Pres. Trump releases $1.1 trillion ‘hard power budget’ with cuts to State Dept, EPA

President Donald Trump released a $1.1 trillion budget outline Thursday that proposes a $54 billion increase in defense spending corresponding cuts to non-defense spending at the State Department, the Department of Housing and Urban Development, the Environmental Protection Agency and dozens of other federal programs.

The blueprint features the broad strokes of Trump’s plan to dramatically remake the federal government. It includes plans to slash spending at everything from the National Institutes of Health to the Corporation for Public Broadcasting, while boosting spending at the Pentagon.

Mick Mulvaney, Trump’s director of the Office of Management and Budget, described the proposal as a “hard power budget” in a Wednesday briefing with reporters, meaning the Trump administration will prioritize defense spending over diplomacy and foreign aid.

In that vein, the administration will recommend a 28% cut to the State Department, Mulvaney said, including a 38% reduction in foreign aid spending.

A US official told CNN earlier this month that cuts would come from the State Department’s Bureau of International Organization Affairs and projects the fund programs at United Nations.

“There is no question that this is a hard power budget, it is not a soft power budget,” Mulvaney said. “This is a hard power budget and that was done intentionally. The President very clearly wants to send a message to our allies and our potential adversaries that this is strong power administration.”

The budget makes good on a series of promises Trump made on the campaign trail, including reductions in the EPA in an attempt to “shrink the role of government” in American’s lives.

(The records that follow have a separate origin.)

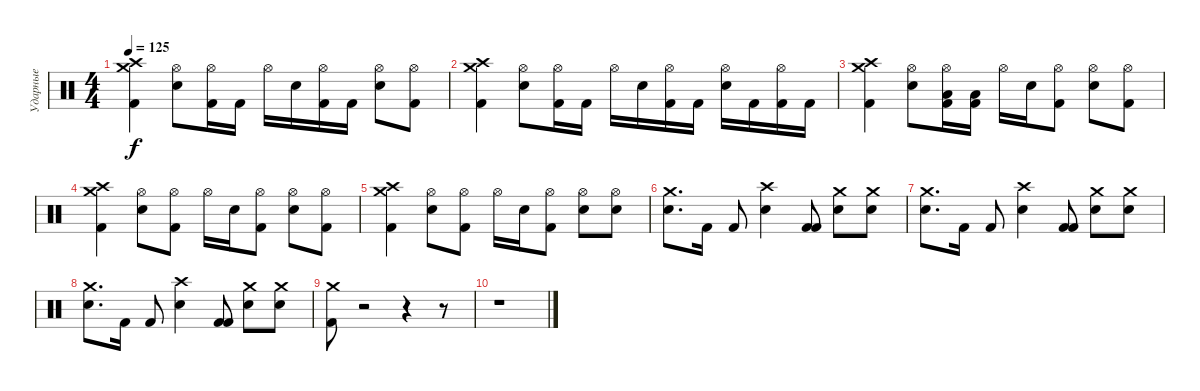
\track ("Ударные" "Ударные") {instrument percussion}
\staff {score}
\articulation defaults
\ts (4 4)
\tempo 125
\clef neutral
\ks c
("Crash high (hit)" "Crash medium (hit)" "Kick (hit) 2").4{dy f} ("Hi-Hat (open)" "Snare (hit) 2").8 ("Hi-Hat (open)" "Kick (hit) 2").16 "Kick (hit) 2".16 "Hi-Hat (open)".16 "Snare (hit) 2".16 ("Hi-Hat (open)" "Kick (hit) 2").16 "Kick (hit) 2".16 ("Hi-Hat (open)" "Snare (hit) 2").8 ("Hi-Hat (open)" "Kick (hit) 2").8 |
("Crash high (hit)" "Crash medium (hit)" "Kick (hit) 2").4 ("Hi-Hat (open)" "Snare (hit) 2").8 ("Hi-Hat (open)" "Kick (hit) 2").16 "Kick (hit) 2".16 "Hi-Hat (open)".16 "Snare (hit) 2".16 ("Hi-Hat (open)" "Kick (hit) 2").16 "Kick (hit) 2".16 ("Hi-Hat (open)" "Snare (hit) 2").16 "Kick (hit) 2".16 ("Hi-Hat (open)" "Kick (hit) 2").16 "Kick (hit) 2".16 |
("Crash high (hit)" "Crash medium (hit)" "Kick (hit) 2").4 ("Hi-Hat (open)" "Snare (hit) 2").8 ("Hi-Hat (open)" "Low Tom (hit)" "Kick (hit) 2").16 ("Low Floor Tom (hit)" "Kick (hit) 2").16 "Hi-Hat (open)".16 "Snare (hit) 2".16 ("Hi-Hat (open)" "Kick (hit) 2").8 ("Hi-Hat (open)" "Snare (hit) 2").8 ("Hi-Hat (open)" "Kick (hit) 2").8 |
("Crash medium (hit)" "Crash high (hit)" "Kick (hit) 2").4 ("Hi-Hat (open)" "Snare (hit) 2").8 ("Hi-Hat (open)" "Kick (hit) 2").8 "Hi-Hat (open)".16 "Snare (hit) 2".16 ("Hi-Hat (open)" "Kick (hit) 2").8 ("Hi-Hat (open)" "Snare (hit) 2").8 ("Hi-Hat (open)" "Kick (hit) 2").8 |
("Crash medium (hit)" "Crash high (hit)" "Kick (hit) 2").4 ("Hi-Hat (open)" "Snare (hit) 2").8 ("Hi-Hat (open)" "Kick (hit) 2").8 "Hi-Hat (open)".16 "Snare (hit) 2".16 ("Hi-Hat (open)" "Kick (hit) 2").8 ("Hi-Hat (open)" "Snare (hit) 2").8 ("Hi-Hat (open)" "Snare (hit) 2").8 |
("Crash medium (hit)" "Snare (hit) 2").8{d} "Kick (hit) 2".16 "Kick (hit) 2".8 ("Crash high (hit)" "Snare (hit) 2").4 ("Kick (hit) 2" "Kick (hit) 2").8 ("Crash medium (hit)" "Snare (hit) 2").8 ("Crash medium (hit)" "Snare (hit) 2").8 |
("Crash medium (hit)" "Snare (hit) 2").8{d} "Kick (hit) 2".16 "Kick (hit) 2".8 ("Crash high (hit)" "Snare (hit) 2").4 ("Kick (hit) 2" "Kick (hit) 2").8 ("Crash medium (hit)" "Snare (hit) 2").8 ("Crash medium (hit)" "Snare (hit) 2").8 |
("Crash medium (hit)" "Snare (hit) 2").8{d} "Kick (hit) 2".16 "Kick (hit) 2".8 ("Crash high (hit)" "Snare (hit) 2").4 ("Kick (hit) 2" "Kick (hit) 2").8 ("Crash medium (hit)" "Snare (hit) 2").8 ("Crash medium (hit)" "Snare (hit) 2").8 |
("Crash medium (hit)" "Kick (hit) 2").8{volume 0} r.2 r.4 r.8 |
r.1

Sources inside the EPA have told CNN that they anticipate at least 25% in budget cuts, and possibly deeper. Discussions have been ongoing for weeks regarding these cuts, which are expected to include grants to states aimed at protecting air, water and land.

Mulvaney said Wednesday that “core functions of the EPA can be satisfied with this budget,” but officials at the EPA disagree.

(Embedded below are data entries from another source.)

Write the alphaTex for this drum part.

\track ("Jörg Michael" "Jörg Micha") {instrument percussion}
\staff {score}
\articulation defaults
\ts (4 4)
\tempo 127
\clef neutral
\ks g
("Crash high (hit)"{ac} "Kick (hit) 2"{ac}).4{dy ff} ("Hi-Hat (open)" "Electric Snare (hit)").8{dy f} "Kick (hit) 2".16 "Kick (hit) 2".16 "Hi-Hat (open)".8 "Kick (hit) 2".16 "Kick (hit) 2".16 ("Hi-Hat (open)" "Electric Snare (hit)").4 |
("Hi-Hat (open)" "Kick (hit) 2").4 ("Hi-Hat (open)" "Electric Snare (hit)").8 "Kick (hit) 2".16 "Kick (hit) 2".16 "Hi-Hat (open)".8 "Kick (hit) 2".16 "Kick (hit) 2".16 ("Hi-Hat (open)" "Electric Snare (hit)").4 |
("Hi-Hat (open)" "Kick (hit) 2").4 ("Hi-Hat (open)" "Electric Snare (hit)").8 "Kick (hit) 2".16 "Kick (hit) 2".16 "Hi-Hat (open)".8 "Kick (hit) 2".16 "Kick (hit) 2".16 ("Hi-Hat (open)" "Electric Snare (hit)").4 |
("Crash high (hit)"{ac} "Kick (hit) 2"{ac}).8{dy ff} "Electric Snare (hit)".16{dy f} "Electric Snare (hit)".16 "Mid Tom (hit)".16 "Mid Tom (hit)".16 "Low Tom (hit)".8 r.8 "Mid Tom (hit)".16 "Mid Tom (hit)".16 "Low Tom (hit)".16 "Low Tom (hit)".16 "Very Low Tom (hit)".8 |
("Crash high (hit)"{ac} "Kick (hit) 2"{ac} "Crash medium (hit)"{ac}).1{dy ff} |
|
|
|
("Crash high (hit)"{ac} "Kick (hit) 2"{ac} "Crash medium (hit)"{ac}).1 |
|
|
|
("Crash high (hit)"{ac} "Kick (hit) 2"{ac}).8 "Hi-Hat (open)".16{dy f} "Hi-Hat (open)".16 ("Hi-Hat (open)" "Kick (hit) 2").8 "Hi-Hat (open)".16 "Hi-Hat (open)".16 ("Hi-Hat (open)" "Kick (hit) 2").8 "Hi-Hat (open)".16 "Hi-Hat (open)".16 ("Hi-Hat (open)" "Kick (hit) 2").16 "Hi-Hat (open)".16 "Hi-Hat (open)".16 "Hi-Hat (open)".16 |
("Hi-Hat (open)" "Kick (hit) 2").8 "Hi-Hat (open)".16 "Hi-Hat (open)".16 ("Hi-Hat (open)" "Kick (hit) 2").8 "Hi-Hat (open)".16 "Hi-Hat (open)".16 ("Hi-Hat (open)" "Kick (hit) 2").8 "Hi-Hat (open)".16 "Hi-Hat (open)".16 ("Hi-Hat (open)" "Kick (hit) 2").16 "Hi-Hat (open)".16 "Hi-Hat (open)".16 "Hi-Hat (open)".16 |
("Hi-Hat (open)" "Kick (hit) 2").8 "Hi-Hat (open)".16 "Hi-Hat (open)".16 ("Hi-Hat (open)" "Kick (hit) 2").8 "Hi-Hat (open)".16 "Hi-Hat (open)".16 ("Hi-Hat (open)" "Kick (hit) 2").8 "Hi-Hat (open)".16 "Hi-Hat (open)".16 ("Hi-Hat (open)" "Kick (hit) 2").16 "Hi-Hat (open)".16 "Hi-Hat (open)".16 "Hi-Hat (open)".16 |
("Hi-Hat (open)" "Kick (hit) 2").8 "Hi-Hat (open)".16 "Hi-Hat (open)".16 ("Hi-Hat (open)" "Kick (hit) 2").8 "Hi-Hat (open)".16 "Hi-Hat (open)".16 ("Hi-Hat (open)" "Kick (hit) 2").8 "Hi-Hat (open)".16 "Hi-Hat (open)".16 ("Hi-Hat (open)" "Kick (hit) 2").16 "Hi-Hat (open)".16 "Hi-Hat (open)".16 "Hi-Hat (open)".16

“It is a sad day when a group of millionaires and billionaires in Washington can decide what’s best for America’s health and environment,” said John O’Grady, head of the union that represents EPA employees. “How can this administration tell America that we will have clean air and clean water with a 25% reduction in US EPA’s budget?”

He added: “The US EPA is already on a starvation diet, with a bare-bones budget and staffing level. The administration’s proposed budget will be akin to taking away the Agency’s bread and water.”

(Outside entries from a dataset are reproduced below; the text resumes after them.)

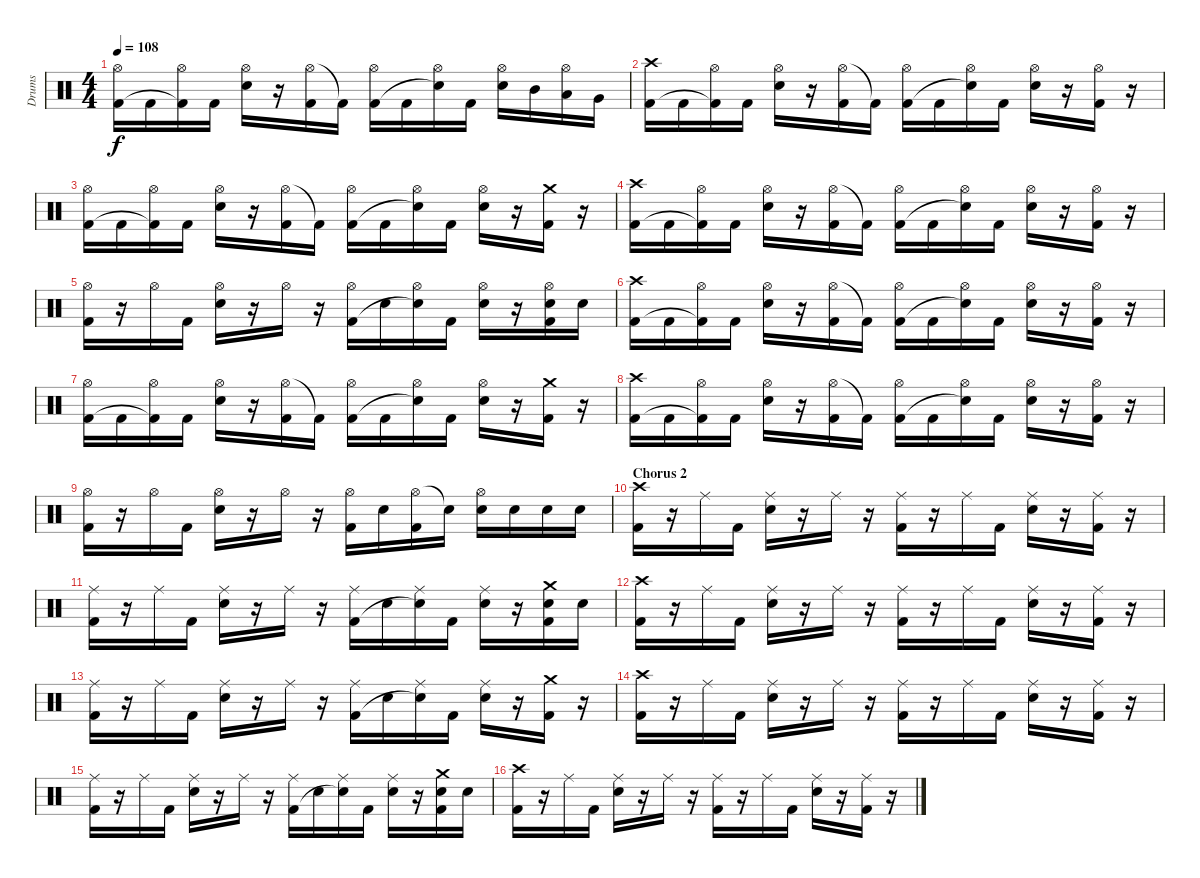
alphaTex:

\track ("Drums" "Drums") {instrument percussion}
\staff {score}
\articulation defaults
\ts (4 4)
\tempo 108
\clef neutral
\ks c
("Hi-Hat (open)" "Kick (hit) 2").16{dy f} "Kick (hit) 2".16 ("Hi-Hat (open)" "Kick (hit) 2"{t}).16 "Kick (hit) 2".16 ("Hi-Hat (open)" "Electric Snare (hit)").16 r.16 ("Hi-Hat (open)" "Kick (hit) 2").16 "Kick (hit) 2"{t}.16 ("Hi-Hat (open)" "Kick (hit) 2").16 "Kick (hit) 2".16 ("Hi-Hat (open)" "Electric Snare (hit)"{t}).16 "Kick (hit) 2".16 ("Hi-Hat (open)" "Electric Snare (hit)").16 "Mid Tom (hit)".16 ("Hi-Hat (open)" "Low Tom (hit)").16 "Very Low Tom (hit)".16 |
("Crash high (hit)" "Kick (hit) 2").16 "Kick (hit) 2".16 ("Hi-Hat (open)" "Kick (hit) 2"{t}).16 "Kick (hit) 2".16 ("Hi-Hat (open)" "Electric Snare (hit)").16 r.16 ("Hi-Hat (open)" "Kick (hit) 2").16 "Kick (hit) 2"{t}.16 ("Hi-Hat (open)" "Kick (hit) 2").16 "Kick (hit) 2".16 ("Hi-Hat (open)" "Electric Snare (hit)"{t}).16 "Kick (hit) 2".16 ("Hi-Hat (open)" "Electric Snare (hit)").16 r.16 ("Hi-Hat (open)" "Kick (hit) 2").16 r.16 |
("Hi-Hat (open)" "Kick (hit) 2").16 "Kick (hit) 2".16 ("Hi-Hat (open)" "Kick (hit) 2"{t}).16 "Kick (hit) 2".16 ("Hi-Hat (open)" "Electric Snare (hit)").16 r.16 ("Hi-Hat (open)" "Kick (hit) 2").16 "Kick (hit) 2"{t}.16 ("Hi-Hat (open)" "Kick (hit) 2").16 "Kick (hit) 2".16 ("Hi-Hat (open)" "Electric Snare (hit)"{t}).16 "Kick (hit) 2".16 ("Hi-Hat (open)" "Electric Snare (hit)").16 r.16 ("Crash medium (hit)" "Kick (hit) 2").16 r.16 |
("Crash high (hit)" "Kick (hit) 2").16 "Kick (hit) 2".16 ("Hi-Hat (open)" "Kick (hit) 2"{t}).16 "Kick (hit) 2".16 ("Hi-Hat (open)" "Electric Snare (hit)").16 r.16 ("Hi-Hat (open)" "Kick (hit) 2").16 "Kick (hit) 2"{t}.16 ("Hi-Hat (open)" "Kick (hit) 2").16 "Kick (hit) 2".16 ("Hi-Hat (open)" "Electric Snare (hit)"{t}).16 "Kick (hit) 2".16 ("Hi-Hat (open)" "Electric Snare (hit)").16 r.16 ("Hi-Hat (open)" "Kick (hit) 2").16 r.16 |
("Hi-Hat (open)" "Kick (hit) 2").16 r.16 "Hi-Hat (open)".16 "Kick (hit) 2".16 ("Hi-Hat (open)" "Electric Snare (hit)").16 r.16 "Hi-Hat (open)".16 r.16 ("Hi-Hat (open)" "Kick (hit) 2").16 "Electric Snare (hit)".16 ("Hi-Hat (open)" "Electric Snare (hit)"{t}).16 "Kick (hit) 2".16 ("Hi-Hat (open)" "Electric Snare (hit)").16 r.16 ("Hi-Hat (open)" "Electric Snare (hit)" "Kick (hit) 2").16 "Electric Snare (hit)".16 |
("Crash high (hit)" "Kick (hit) 2").16 "Kick (hit) 2".16 ("Hi-Hat (open)" "Kick (hit) 2"{t}).16 "Kick (hit) 2".16 ("Hi-Hat (open)" "Electric Snare (hit)").16 r.16 ("Hi-Hat (open)" "Kick (hit) 2").16 "Kick (hit) 2"{t}.16 ("Hi-Hat (open)" "Kick (hit) 2").16 "Kick (hit) 2".16 ("Hi-Hat (open)" "Electric Snare (hit)"{t}).16 "Kick (hit) 2".16 ("Hi-Hat (open)" "Electric Snare (hit)").16 r.16 ("Hi-Hat (open)" "Kick (hit) 2").16 r.16 |
("Hi-Hat (open)" "Kick (hit) 2").16 "Kick (hit) 2".16 ("Hi-Hat (open)" "Kick (hit) 2"{t}).16 "Kick (hit) 2".16 ("Hi-Hat (open)" "Electric Snare (hit)").16 r.16 ("Hi-Hat (open)" "Kick (hit) 2").16 "Kick (hit) 2"{t}.16 ("Hi-Hat (open)" "Kick (hit) 2").16 "Kick (hit) 2".16 ("Hi-Hat (open)" "Electric Snare (hit)"{t}).16 "Kick (hit) 2".16 ("Hi-Hat (open)" "Electric Snare (hit)").16 r.16 ("Crash medium (hit)" "Kick (hit) 2").16 r.16 |
("Crash high (hit)" "Kick (hit) 2").16 "Kick (hit) 2".16 ("Hi-Hat (open)" "Kick (hit) 2"{t}).16 "Kick (hit) 2".16 ("Hi-Hat (open)" "Electric Snare (hit)").16 r.16 ("Hi-Hat (open)" "Kick (hit) 2").16 "Kick (hit) 2"{t}.16 ("Hi-Hat (open)" "Kick (hit) 2").16 "Kick (hit) 2".16 ("Hi-Hat (open)" "Electric Snare (hit)"{t}).16 "Kick (hit) 2".16 ("Hi-Hat (open)" "Electric Snare (hit)").16 r.16 ("Hi-Hat (open)" "Kick (hit) 2").16 r.16 |
("Hi-Hat (open)" "Kick (hit) 2").16 r.16 "Hi-Hat (open)".16 "Kick (hit) 2".16 ("Hi-Hat (open)" "Electric Snare (hit)").16 r.16 "Hi-Hat (open)".16 r.16 ("Hi-Hat (open)" "Kick (hit) 2").16 "Electric Snare (hit)".16 ("Hi-Hat (open)" "Kick (hit) 2").16 "Electric Snare (hit)"{t}.16 ("Hi-Hat (open)" "Electric Snare (hit)").16 "Electric Snare (hit)".16 "Electric Snare (hit)".16 "Electric Snare (hit)".16 |
\section ("" "Chorus 2")
("Crash high (hit)" "Kick (hit) 2").16 r.16 "Ride (middle)".16 "Kick (hit) 2".16 ("Ride (middle)" "Electric Snare (hit)").16 r.16 "Ride (middle)".16 r.16 ("Ride (middle)" "Kick (hit) 2").16 r.16 "Ride (middle)".16 "Kick (hit) 2".16 ("Ride (middle)" "Electric Snare (hit)").16 r.16 ("Ride (middle)" "Kick (hit) 2").16 r.16 |
("Ride (middle)" "Kick (hit) 2").16 r.16 "Ride (middle)".16 "Kick (hit) 2".16 ("Ride (middle)" "Electric Snare (hit)").16 r.16 "Ride (middle)".16 r.16 ("Ride (middle)" "Kick (hit) 2").16 "Electric Snare (hit)".16 ("Ride (middle)" "Electric Snare (hit)"{t}).16 "Kick (hit) 2".16 ("Ride (middle)" "Electric Snare (hit)").16 r.16 ("Crash medium (hit)" "Electric Snare (hit)" "Kick (hit) 2").16 "Electric Snare (hit)".16 |
("Crash high (hit)" "Kick (hit) 2").16 r.16 "Ride (middle)".16 "Kick (hit) 2".16 ("Ride (middle)" "Electric Snare (hit)").16 r.16 "Ride (middle)".16 r.16 ("Ride (middle)" "Kick (hit) 2").16 r.16 "Ride (middle)".16 "Kick (hit) 2".16 ("Ride (middle)" "Electric Snare (hit)").16 r.16 ("Ride (middle)" "Kick (hit) 2").16 r.16 |
("Ride (middle)" "Kick (hit) 2").16 r.16 "Ride (middle)".16 "Kick (hit) 2".16 ("Ride (middle)" "Electric Snare (hit)").16 r.16 "Ride (middle)".16 r.16 ("Ride (middle)" "Kick (hit) 2").16 "Electric Snare (hit)".16 ("Ride (middle)" "Electric Snare (hit)"{t}).16 "Kick (hit) 2".16 ("Ride (middle)" "Electric Snare (hit)").16 r.16 ("Crash medium (hit)" "Kick (hit) 2").16 r.16 |
("Crash high (hit)" "Kick (hit) 2").16 r.16 "Ride (middle)".16 "Kick (hit) 2".16 ("Ride (middle)" "Electric Snare (hit)").16 r.16 "Ride (middle)".16 r.16 ("Ride (middle)" "Kick (hit) 2").16 r.16 "Ride (middle)".16 "Kick (hit) 2".16 ("Ride (middle)" "Electric Snare (hit)").16 r.16 ("Ride (middle)" "Kick (hit) 2").16 r.16 |
("Ride (middle)" "Kick (hit) 2").16 r.16 "Ride (middle)".16 "Kick (hit) 2".16 ("Ride (middle)" "Electric Snare (hit)").16 r.16 "Ride (middle)".16 r.16 ("Ride (middle)" "Kick (hit) 2").16 "Electric Snare (hit)".16 ("Ride (middle)" "Electric Snare (hit)"{t}).16 "Kick (hit) 2".16 ("Ride (middle)" "Electric Snare (hit)").16 r.16 ("Crash medium (hit)" "Electric Snare (hit)" "Kick (hit) 2").16 "Electric Snare (hit)".16 |
("Crash high (hit)" "Kick (hit) 2").16 r.16 "Ride (middle)".16 "Kick (hit) 2".16 ("Ride (middle)" "Electric Snare (hit)").16 r.16 "Ride (middle)".16 r.16 ("Ride (middle)" "Kick (hit) 2").16 r.16 "Ride (middle)".16 "Kick (hit) 2".16 ("Ride (middle)" "Electric Snare (hit)").16 r.16 ("Ride (middle)" "Kick (hit) 2").16 r.16

The budget blueprint is not a complete budget, meaning it will not include revenue projections, any impacts to mandatory spending and policy projections. But it will detail what Trump plans to spend his biggest 2016 campaign promise: Building a border wall along the US-Mexico border.

According to Mulvaney, the budget will include a request for $1.5 billion as the first installment payment for Trump’s promised wall and then another installment of $2.26 billion in 2018.

Mulvaney said, though, that the White House was unable to answer how much the wall will eventually cost or how many miles it will cover.

“We don’t know the answer to that question because we haven’t settled on construction types, we haven’t settled on where we’re going to start,” Mulvaney said. “I think the funding provides for a couple of different pilot cases.”

The Trump administration will release its full budget in May and, according to Mulvaney, that is when the 10-year projection on the border wall will be outlined.

In their first budget proposal, the White House announced in February that they planned to increase defense spending to $603 billion and decrease non-defense discretionary spending to $462 billion — a swap of roughly $54 billion between the two government buckets.

Mulvaney also said Wednesday that the Department of Housing and Urban Development should expect cuts.

Trump, Mulvaney said, wants to “get rid of programs that don’t work” and that “a lot of those are in HUD.”

Mulvaney said they will “move money around” HUD and not create any new programs.